# Damaged siding prep after pressure wash?



## HorizonPainting (Apr 1, 2011)

I just finished a walk-around on a repaint. The HO had a "family member" start painting and replacing boards. The problem is that they used a pressure washer and just about destroyed the siding. It looks like a fuzzy board now. I was hoping I could get it knocked down with an orbit sander. Has anyone else delt with this?


----------



## NCPaint1 (Aug 6, 2009)

Oops. 50 grit and a quick buzz. Gonna take some time, and hopefully the customer knows it won't be perfect. Well it could be, but its gonna take more than a quick orbital sand.


----------



## ReNt A PaInTeR (Dec 28, 2008)

That is going to be expensive even if you use the magical festool sanders. Make sure you put in your contract that it won't look perfect. 

You can also use Peelbond but you need a stainblocker due to the condition of the siding.


----------



## straight_lines (Oct 17, 2007)

Sand sand sand sand. Sand some more and it will look better.


----------



## Jmayspaint (Mar 26, 2013)

Wow! It never ceases to amaze me the messes a HO can make with a pressure washer.

Dewalt has a new orbital sander out.Iinstead of being a random orbital, it spins all the time like a DA sander. It is the; DWE6407DS 5inch disc sander with dust shroud. It is at least three times faster than a regular orbital. I found them last year and they have saved me a ton of time on lots of stuff, from decks to siding like in the pic. The dust shroud is nice too for extraction. 
No good for finer work as it leaves swirlies like crazy. But then you can sand the out with a random orbit anyway.


----------



## Delta Painting (Apr 27, 2010)

I have seen a lot worse bone head amateur's thinking a washer is a scraper... 

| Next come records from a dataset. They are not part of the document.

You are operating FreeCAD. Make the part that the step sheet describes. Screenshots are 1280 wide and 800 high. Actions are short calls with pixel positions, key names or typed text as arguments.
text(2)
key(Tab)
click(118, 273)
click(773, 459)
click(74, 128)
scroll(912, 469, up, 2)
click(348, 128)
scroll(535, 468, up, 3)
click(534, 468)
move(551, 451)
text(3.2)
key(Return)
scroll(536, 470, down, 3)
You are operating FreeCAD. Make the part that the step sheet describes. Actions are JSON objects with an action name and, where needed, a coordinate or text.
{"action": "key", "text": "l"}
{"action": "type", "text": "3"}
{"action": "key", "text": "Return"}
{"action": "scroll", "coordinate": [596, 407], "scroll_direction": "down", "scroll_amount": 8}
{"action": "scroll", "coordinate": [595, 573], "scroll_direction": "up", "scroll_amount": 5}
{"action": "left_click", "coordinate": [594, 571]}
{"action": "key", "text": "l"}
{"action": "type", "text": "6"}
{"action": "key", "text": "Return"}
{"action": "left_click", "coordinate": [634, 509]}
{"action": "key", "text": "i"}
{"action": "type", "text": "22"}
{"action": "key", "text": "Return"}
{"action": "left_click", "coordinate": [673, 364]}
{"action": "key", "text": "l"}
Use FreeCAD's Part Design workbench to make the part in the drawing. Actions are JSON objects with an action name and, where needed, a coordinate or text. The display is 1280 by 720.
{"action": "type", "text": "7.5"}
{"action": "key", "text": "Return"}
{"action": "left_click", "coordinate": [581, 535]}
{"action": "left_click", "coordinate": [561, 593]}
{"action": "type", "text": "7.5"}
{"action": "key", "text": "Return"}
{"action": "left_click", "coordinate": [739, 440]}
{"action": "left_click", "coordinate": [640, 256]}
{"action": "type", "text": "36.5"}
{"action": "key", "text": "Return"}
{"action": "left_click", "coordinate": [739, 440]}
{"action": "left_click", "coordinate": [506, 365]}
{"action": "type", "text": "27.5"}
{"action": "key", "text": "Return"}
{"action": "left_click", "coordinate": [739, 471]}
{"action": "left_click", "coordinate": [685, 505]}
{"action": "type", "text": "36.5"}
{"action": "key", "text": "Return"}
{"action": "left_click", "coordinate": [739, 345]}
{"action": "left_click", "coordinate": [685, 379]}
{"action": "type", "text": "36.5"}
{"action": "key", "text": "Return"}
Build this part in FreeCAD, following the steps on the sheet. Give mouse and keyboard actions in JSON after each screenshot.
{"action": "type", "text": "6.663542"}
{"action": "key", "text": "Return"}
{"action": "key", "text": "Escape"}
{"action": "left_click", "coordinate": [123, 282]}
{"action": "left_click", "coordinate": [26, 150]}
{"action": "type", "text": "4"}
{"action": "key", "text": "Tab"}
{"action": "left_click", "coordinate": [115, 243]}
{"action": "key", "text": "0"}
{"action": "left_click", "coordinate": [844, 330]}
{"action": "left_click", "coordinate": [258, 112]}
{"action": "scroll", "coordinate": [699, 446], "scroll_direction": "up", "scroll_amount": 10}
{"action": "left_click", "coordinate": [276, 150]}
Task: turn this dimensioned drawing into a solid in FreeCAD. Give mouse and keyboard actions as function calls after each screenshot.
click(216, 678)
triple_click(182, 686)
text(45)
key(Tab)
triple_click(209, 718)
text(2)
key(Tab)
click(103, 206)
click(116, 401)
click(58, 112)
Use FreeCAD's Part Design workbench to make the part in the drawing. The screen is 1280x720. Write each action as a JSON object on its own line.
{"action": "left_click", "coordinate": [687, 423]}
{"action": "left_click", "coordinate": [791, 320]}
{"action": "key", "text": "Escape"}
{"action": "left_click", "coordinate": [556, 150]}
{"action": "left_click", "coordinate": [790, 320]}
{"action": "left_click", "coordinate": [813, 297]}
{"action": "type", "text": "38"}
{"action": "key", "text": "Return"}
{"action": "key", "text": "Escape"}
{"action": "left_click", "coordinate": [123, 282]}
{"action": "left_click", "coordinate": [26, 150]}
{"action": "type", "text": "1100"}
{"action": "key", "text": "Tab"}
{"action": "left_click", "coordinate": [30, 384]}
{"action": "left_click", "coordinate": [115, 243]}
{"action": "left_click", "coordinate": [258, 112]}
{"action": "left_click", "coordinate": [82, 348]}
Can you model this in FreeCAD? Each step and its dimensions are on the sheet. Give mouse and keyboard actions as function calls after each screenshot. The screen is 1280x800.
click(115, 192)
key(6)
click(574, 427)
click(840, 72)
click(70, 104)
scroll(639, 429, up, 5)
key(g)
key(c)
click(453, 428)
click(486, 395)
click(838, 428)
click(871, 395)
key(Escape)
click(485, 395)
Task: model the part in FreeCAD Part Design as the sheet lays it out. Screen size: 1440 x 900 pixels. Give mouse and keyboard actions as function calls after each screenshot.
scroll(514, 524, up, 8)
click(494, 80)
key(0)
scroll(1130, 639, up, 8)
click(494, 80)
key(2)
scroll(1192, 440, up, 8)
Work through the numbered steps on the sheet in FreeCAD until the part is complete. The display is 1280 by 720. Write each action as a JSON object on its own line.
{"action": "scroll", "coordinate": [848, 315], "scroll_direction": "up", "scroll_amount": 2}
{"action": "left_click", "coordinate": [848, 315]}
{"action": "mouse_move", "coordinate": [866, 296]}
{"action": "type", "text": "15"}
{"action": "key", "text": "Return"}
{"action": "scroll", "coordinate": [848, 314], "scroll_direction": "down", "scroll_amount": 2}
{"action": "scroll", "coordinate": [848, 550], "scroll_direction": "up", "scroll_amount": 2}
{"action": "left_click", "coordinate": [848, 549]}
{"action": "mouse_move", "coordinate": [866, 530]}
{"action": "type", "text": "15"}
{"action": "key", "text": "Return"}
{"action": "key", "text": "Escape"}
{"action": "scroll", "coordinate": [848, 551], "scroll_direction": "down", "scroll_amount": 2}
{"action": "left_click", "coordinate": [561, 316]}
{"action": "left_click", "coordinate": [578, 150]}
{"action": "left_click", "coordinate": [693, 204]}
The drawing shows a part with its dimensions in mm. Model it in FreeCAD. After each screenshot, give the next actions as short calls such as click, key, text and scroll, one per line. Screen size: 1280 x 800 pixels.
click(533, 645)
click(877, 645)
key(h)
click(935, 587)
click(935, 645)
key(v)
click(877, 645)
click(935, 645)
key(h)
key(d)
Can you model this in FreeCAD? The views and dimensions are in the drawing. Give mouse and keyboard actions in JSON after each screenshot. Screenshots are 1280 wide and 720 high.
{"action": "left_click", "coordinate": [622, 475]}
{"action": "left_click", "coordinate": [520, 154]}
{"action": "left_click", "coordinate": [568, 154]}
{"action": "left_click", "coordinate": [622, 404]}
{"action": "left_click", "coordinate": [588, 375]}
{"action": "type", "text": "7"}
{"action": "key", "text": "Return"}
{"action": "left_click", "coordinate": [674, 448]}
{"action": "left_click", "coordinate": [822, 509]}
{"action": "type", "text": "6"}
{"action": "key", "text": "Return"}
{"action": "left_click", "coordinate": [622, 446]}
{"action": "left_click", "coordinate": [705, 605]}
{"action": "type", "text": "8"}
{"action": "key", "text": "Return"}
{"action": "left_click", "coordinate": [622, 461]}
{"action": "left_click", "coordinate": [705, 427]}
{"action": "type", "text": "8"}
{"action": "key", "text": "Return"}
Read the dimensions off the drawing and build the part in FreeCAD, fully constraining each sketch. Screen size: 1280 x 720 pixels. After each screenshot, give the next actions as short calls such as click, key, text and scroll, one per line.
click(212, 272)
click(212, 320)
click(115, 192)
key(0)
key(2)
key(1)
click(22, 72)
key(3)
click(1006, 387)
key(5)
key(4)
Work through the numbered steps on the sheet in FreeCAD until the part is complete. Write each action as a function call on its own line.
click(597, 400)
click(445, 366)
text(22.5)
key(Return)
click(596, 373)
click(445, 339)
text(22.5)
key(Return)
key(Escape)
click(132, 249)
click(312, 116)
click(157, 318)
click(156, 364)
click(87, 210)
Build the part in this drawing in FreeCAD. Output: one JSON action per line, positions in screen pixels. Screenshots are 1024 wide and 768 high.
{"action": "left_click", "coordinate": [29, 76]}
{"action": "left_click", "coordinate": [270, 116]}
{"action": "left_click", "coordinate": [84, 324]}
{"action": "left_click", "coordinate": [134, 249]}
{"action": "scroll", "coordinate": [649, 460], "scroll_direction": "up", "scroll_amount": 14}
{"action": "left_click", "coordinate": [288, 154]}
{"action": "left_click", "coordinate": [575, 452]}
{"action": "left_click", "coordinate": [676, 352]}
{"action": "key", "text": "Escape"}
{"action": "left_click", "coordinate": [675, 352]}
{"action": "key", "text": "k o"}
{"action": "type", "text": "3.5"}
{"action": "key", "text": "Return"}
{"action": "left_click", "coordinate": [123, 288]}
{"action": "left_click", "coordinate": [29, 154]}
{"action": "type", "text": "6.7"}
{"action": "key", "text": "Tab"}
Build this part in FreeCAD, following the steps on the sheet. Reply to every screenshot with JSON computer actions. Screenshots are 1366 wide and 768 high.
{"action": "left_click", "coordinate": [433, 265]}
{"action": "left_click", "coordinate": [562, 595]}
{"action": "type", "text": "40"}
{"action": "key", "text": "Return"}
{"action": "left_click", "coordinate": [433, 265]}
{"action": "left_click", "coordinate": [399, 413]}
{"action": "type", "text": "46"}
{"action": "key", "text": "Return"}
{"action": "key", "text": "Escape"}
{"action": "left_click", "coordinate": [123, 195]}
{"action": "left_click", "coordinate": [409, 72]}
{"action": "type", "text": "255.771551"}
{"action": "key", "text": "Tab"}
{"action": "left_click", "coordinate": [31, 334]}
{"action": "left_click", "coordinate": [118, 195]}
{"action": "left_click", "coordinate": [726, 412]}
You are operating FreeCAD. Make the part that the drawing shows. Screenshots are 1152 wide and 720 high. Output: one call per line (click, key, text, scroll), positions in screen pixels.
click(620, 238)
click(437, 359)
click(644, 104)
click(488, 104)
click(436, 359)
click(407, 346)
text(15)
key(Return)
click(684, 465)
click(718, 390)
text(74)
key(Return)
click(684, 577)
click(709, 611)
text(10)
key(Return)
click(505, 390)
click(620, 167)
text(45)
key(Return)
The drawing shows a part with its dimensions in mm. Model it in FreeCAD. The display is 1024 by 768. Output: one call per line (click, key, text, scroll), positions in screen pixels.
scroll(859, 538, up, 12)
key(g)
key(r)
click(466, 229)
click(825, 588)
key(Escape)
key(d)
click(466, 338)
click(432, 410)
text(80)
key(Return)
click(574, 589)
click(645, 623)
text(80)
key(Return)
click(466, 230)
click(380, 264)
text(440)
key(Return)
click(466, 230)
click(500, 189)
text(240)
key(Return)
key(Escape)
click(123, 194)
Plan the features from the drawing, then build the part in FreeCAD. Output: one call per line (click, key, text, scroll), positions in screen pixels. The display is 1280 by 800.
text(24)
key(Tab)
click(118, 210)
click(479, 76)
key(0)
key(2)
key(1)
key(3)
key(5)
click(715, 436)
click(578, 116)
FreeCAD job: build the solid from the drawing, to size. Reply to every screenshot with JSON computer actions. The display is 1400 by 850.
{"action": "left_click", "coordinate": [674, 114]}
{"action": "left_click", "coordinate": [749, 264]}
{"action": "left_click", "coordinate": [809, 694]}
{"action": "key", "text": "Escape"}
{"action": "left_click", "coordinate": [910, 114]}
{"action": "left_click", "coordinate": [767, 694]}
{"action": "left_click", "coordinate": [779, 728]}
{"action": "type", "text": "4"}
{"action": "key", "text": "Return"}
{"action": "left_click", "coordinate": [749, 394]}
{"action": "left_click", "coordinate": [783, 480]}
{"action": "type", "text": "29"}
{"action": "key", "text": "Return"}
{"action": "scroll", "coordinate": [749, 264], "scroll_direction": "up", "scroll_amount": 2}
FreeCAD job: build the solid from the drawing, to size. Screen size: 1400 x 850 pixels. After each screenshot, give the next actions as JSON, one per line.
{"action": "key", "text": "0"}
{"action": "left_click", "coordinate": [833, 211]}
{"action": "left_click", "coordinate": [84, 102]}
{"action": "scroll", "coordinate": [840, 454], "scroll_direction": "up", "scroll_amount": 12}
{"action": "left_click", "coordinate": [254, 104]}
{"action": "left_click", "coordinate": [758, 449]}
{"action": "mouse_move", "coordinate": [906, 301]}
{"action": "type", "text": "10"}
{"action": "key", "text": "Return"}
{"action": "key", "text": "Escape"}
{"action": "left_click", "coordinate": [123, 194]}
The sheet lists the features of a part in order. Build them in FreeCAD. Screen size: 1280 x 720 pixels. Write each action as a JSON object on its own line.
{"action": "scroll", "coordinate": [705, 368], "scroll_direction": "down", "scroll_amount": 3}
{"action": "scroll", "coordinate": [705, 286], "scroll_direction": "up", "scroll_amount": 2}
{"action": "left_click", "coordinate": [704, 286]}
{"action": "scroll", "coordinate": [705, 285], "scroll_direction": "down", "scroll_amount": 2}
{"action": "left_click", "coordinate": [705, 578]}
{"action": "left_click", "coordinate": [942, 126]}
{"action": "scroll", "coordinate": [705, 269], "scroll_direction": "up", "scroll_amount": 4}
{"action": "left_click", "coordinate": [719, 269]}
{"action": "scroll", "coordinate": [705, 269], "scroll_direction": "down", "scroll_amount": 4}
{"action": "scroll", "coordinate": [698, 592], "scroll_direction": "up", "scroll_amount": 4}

Lots of sandpaper and elbow grease...


----------



## mattvpaint (Jan 30, 2013)

Yea I see it all the time people think pressure washing is hold it close and let her rip there is know how behind it.


----------



## Jmayspaint (Mar 26, 2013)

The way the grain in that lumber looks, it's gonna be a pain to circular sand. The raised/flaked up areas can grab your sanding disc and rip it easily. Especially at high speeds. 
That looks like a good example of 'raised grain' failure that I was reading about in the forest service lab article posted in the 'will bleach remove mill glaze?' Thread


----------



## Epoxy Pro (Oct 7, 2012)

I saw this about 12 yrs ago, my old boss oil primed the house, we then used orbital sanders and went over the entire house, we then oil primed it again. That did the trick. We did try sanding before priming the first time but some of the boards were so bad the sander would grab it and just tear the wood up, after priming it made the fibers stiff and made it easier to sand the fibers off.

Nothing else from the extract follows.